■ YOUR OBJECTIVE ■
Reproduce the lines below exactly, from the one containing "The image size is (953, 1232)." through the one containing "The width and", both included. Leave out any pictures.

SOURCE MATERIAL Block Start

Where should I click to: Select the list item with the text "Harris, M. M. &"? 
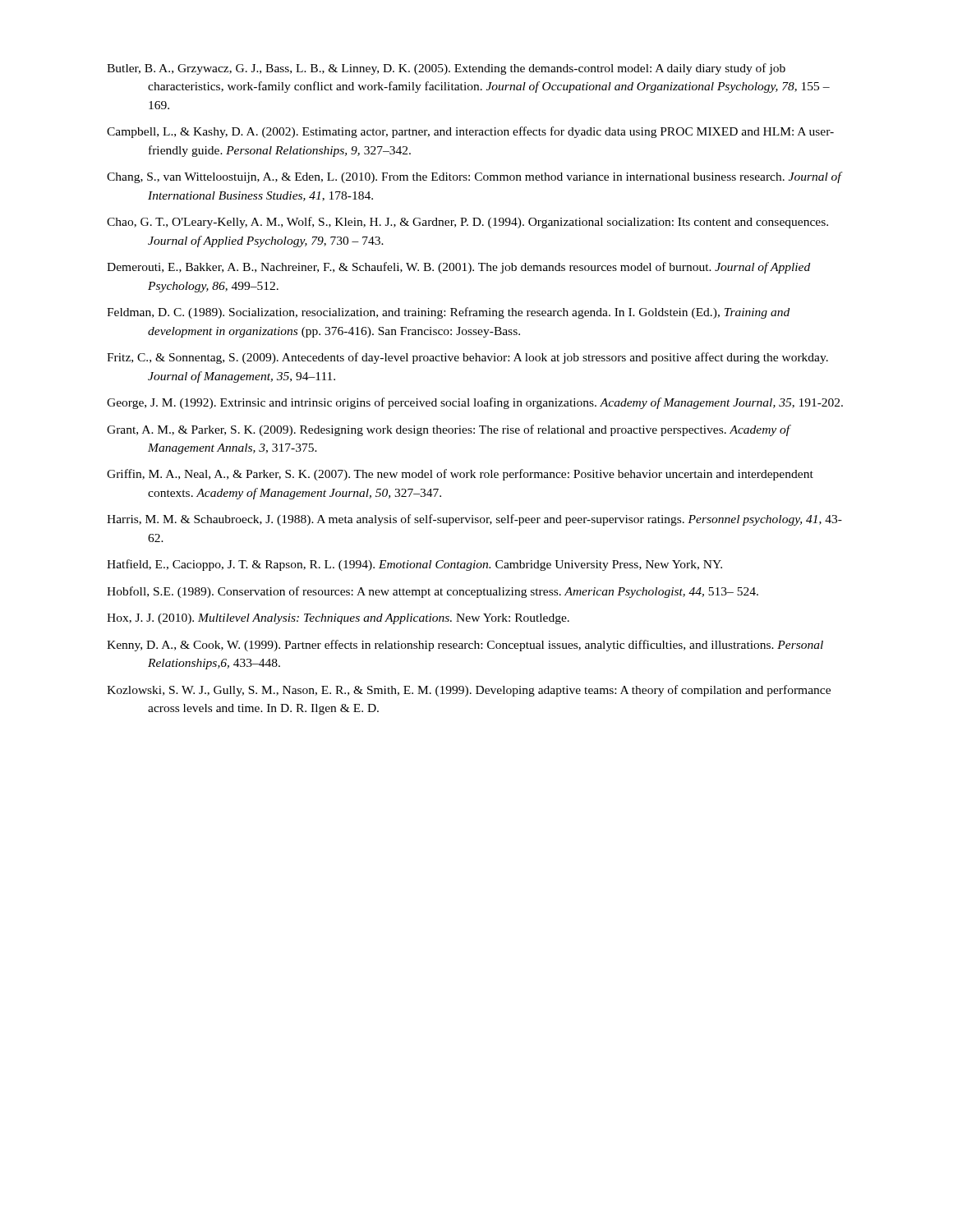474,528
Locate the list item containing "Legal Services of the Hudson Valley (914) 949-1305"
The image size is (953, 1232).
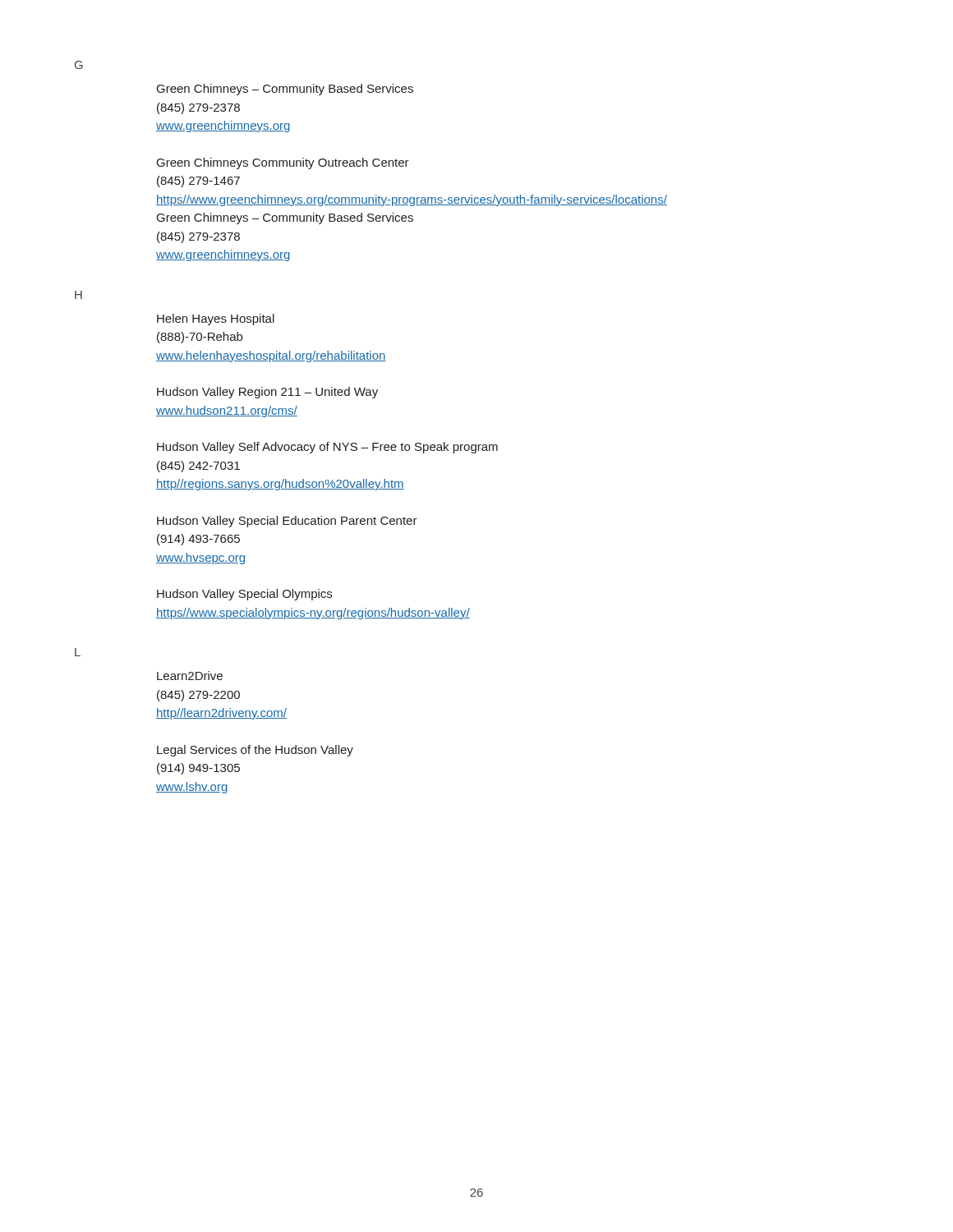pyautogui.click(x=255, y=751)
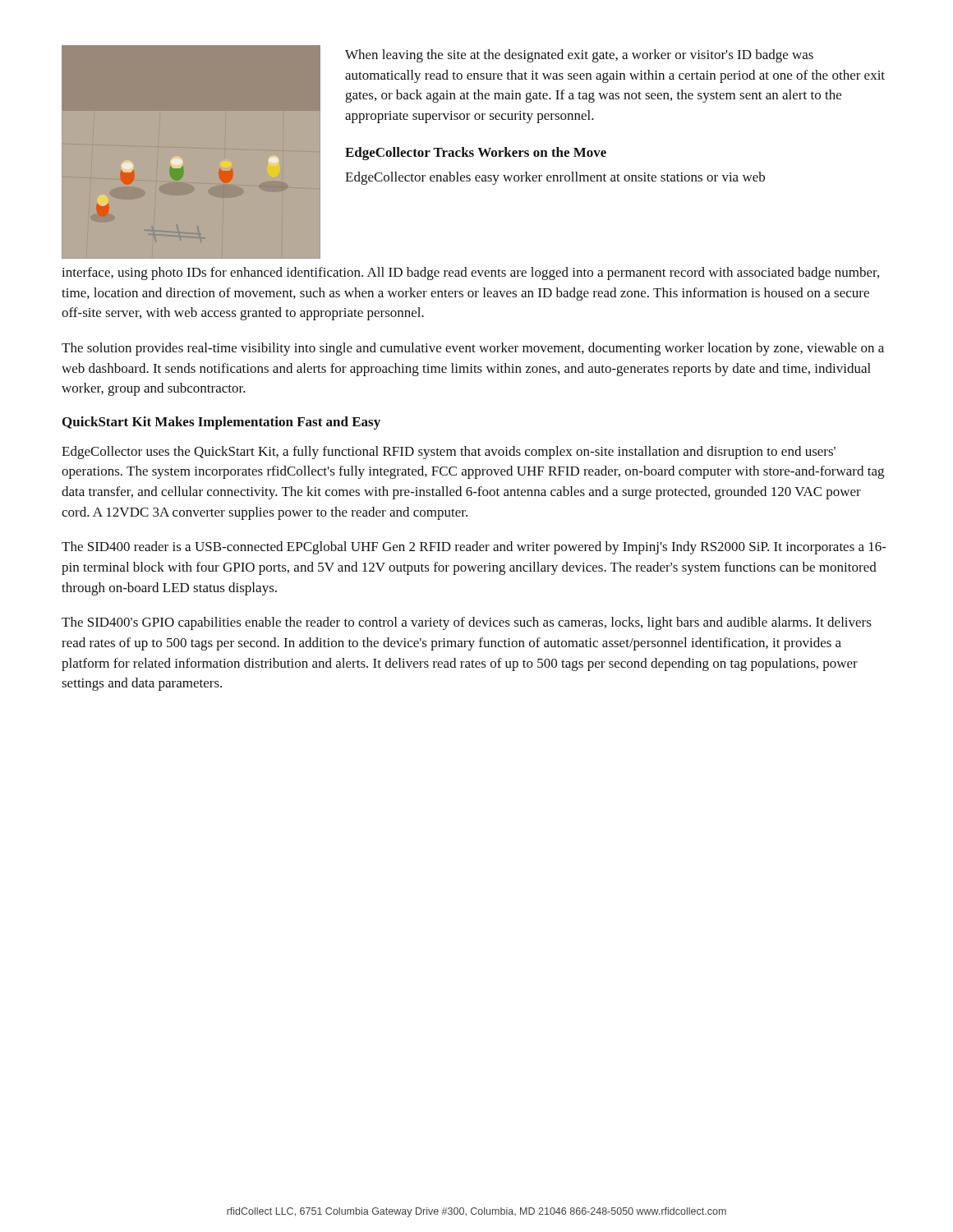Viewport: 953px width, 1232px height.
Task: Locate the text block that reads "The SID400 reader is"
Action: pyautogui.click(x=474, y=567)
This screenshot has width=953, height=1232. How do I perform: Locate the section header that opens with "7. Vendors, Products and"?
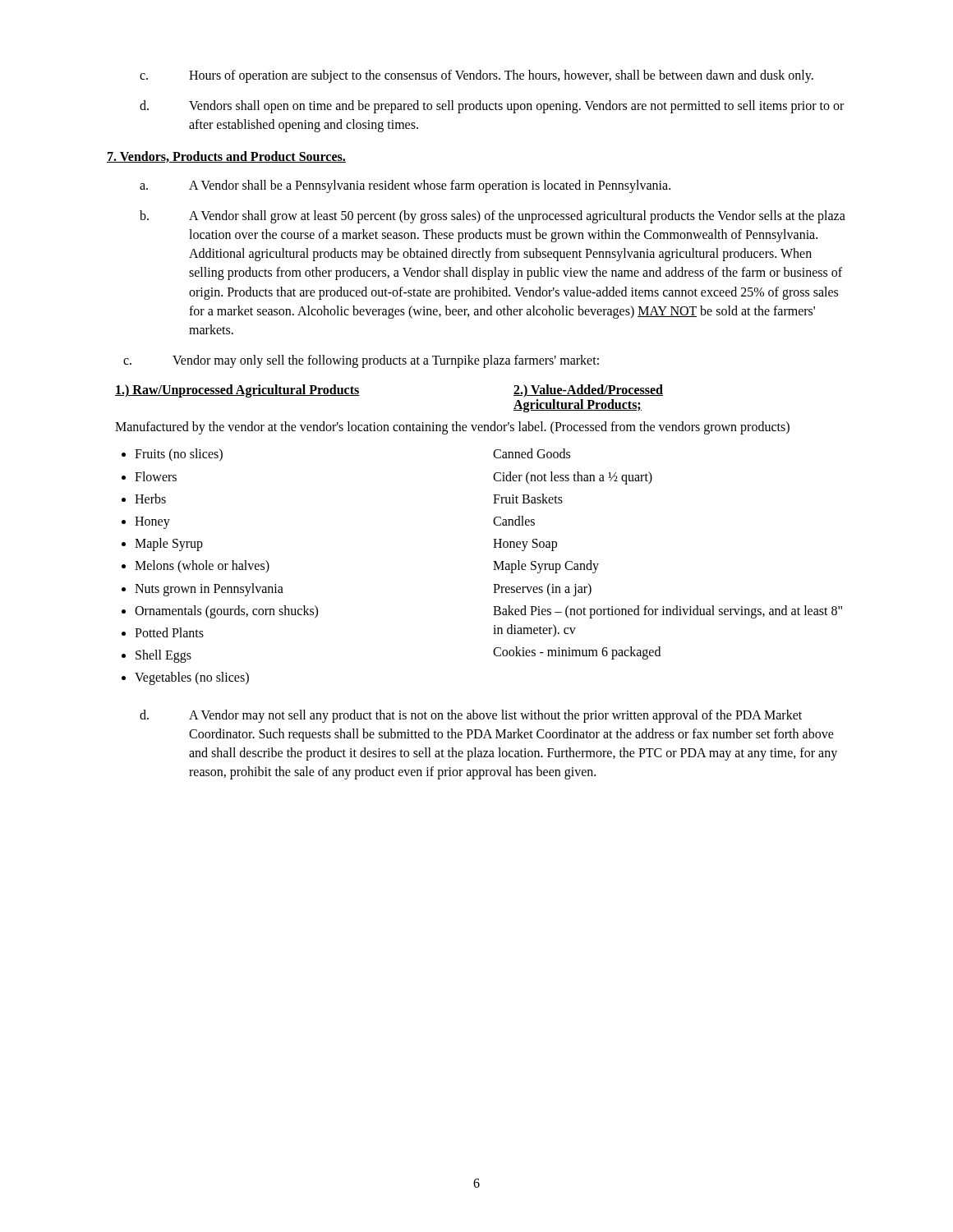coord(226,156)
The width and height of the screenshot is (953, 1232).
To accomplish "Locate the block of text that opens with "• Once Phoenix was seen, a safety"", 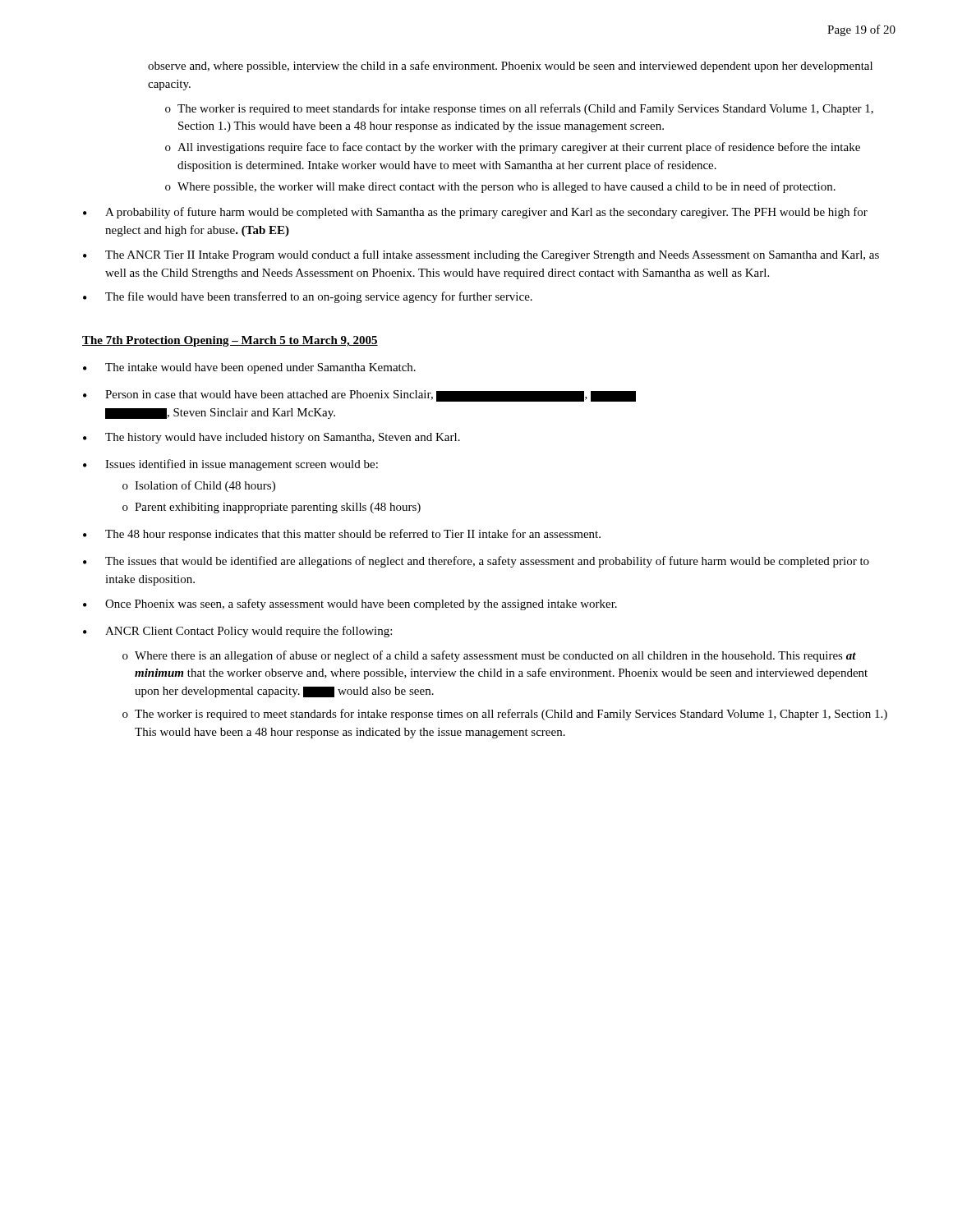I will pos(489,606).
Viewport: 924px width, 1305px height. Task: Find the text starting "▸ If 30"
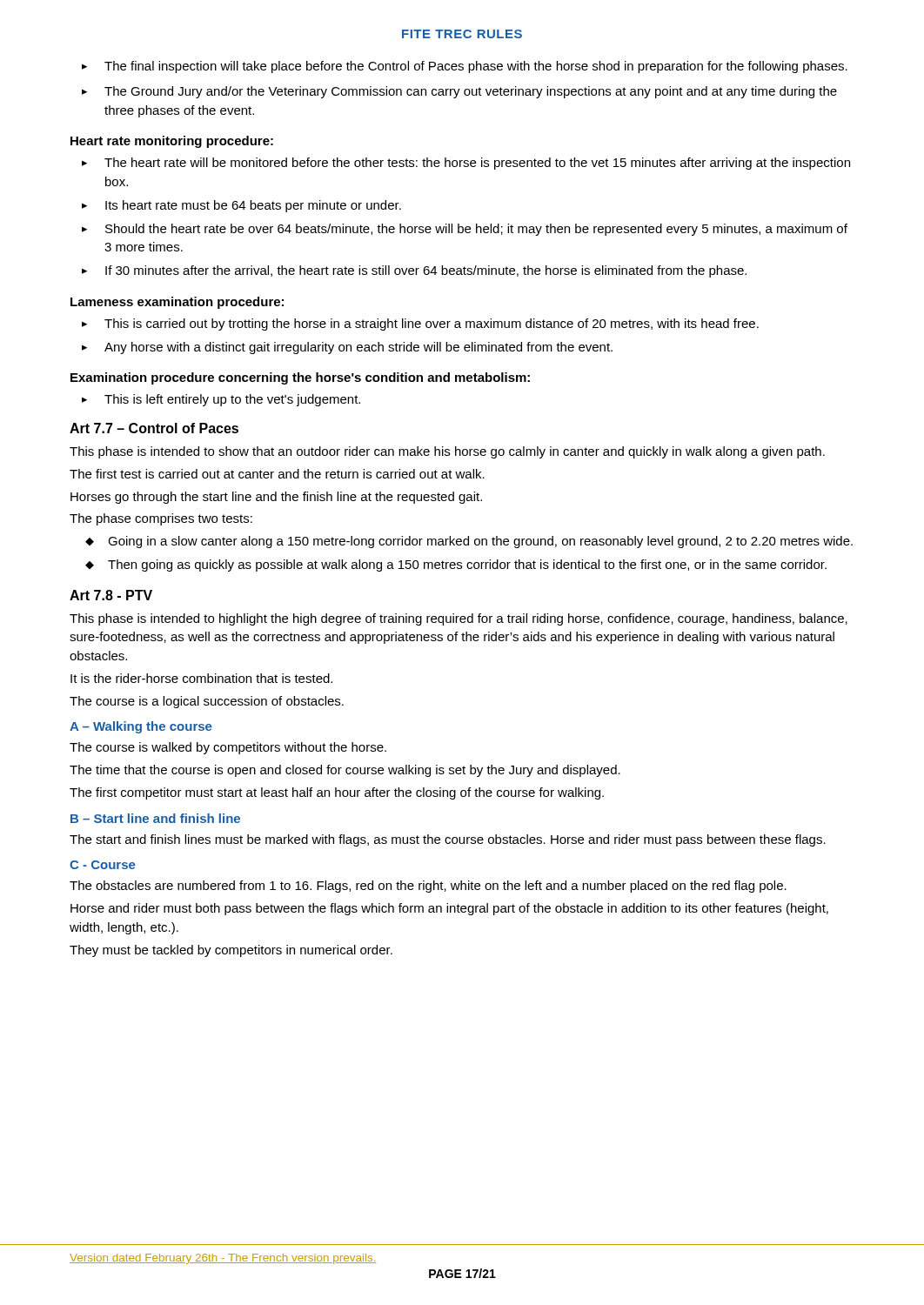468,270

SOURCE MATERIAL Block End

■ TASK RESULT ■
The image size is (953, 1232).
pyautogui.click(x=255, y=751)
Viewport: 953px width, 1232px height.
Task: Locate the text block that reads "The SID400 reader is"
Action: pyautogui.click(x=474, y=567)
This screenshot has width=953, height=1232. How do I perform: Locate the section header that opens with "7. Vendors, Products and"?
coord(226,156)
The width and height of the screenshot is (953, 1232).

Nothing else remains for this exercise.